Attack Bush & neocons, & their tragic, war-profiteerring policies, not a sitting General, even if he is a stooge. There are literally millions of ways to do so.

It's been a week plus of Move On Move On Move on & the publicity stunt trumped serious discussion of the report & now gave Bush an opening to attack Move On as not supporting the troops. "Doh!" That was a very boneheaded move.

I don't disagree with their assessment, but they shouldn't have made Move On or Dave Petraeus himself personally the story. Attacking a troop lends itself dumbly to many rightwing narratives.

The story is death & destruction in Iraq & the great squandering of American's ability to affect positive change in the world. This ad detracted from that. As in baseball, it was an aggressive error & I still love Move On.
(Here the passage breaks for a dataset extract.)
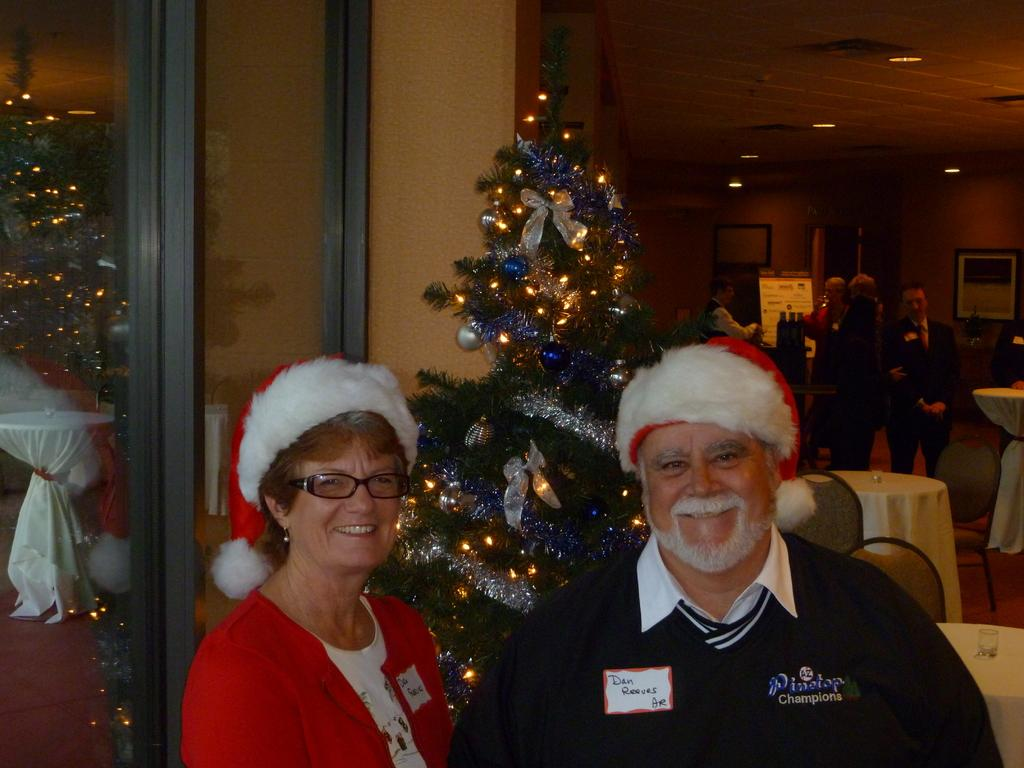<image>
Render a clear and concise summary of the photo. A guy named Dan is wearing a Santa hat while standing next to a woman.

Don't question authority--accept the status quo (0.00 / 0)
"Attack Bush & neocons, & their tragic, war-profiteerring policies, not a sitting General, even if he is a stooge."

I just find that BS. Since 2001, I've heard the same thing repeated over and over again about how you can't criticize the president; you can't criticize the policy (hurting the troops); you can't criticize a sitting general (unless, of course, you're a Republican Senator). Now, suddenly it's ok to go after the president--just not the general who is selling the failed president's policies. That's nonsense. All of these statements are ways of saying: You can't question the authority as it is.

And if it wasn't MoveOn, they would have found something else to show phony outrage about, because they had to change the subject. Just like when Alito's wife start crying, and the same creeps like John Cornyn started complaining about how mean the Democrats were to her husband. Do you really think there was any substance to their outrage?

And before the MoveOn ad, the Democrats were sending out signals that they were ready to capitulate (compromise with people who don't compromise) anyway, so what was really lost by the MoveOn ad; what would have been lost if a certain group of Democratic senators--many of the same senators who keep betraying us over and over and over again--hadn't gone along with the Repubs?


[ Parent ]
Gosh, I don't know what was lost (0.00 / 0)
maybe another fucking week of discussing that ad instead of discussing Iraq

[ Parent ]
And... (4.00 / 1)
I'm sure Democrats going along with the Corny-n-esque kabuki show helped matters. They could have made every single response to the question about the MoveOn ad a statement about the failure in Iraq, a statement about the Republicans unwillingness to change course, but instead they turned around and started shooting at their own proxy. If they had any media savvy, they would make counter-arguments and stop letting the Republicans define the debate.

[ Parent ]
about audio hosting (0.00 / 0)
I have seen people use YouTube to do this. Add a static picture with the audio. If you a a "director" (I think that is the term they use) then you can post longer files.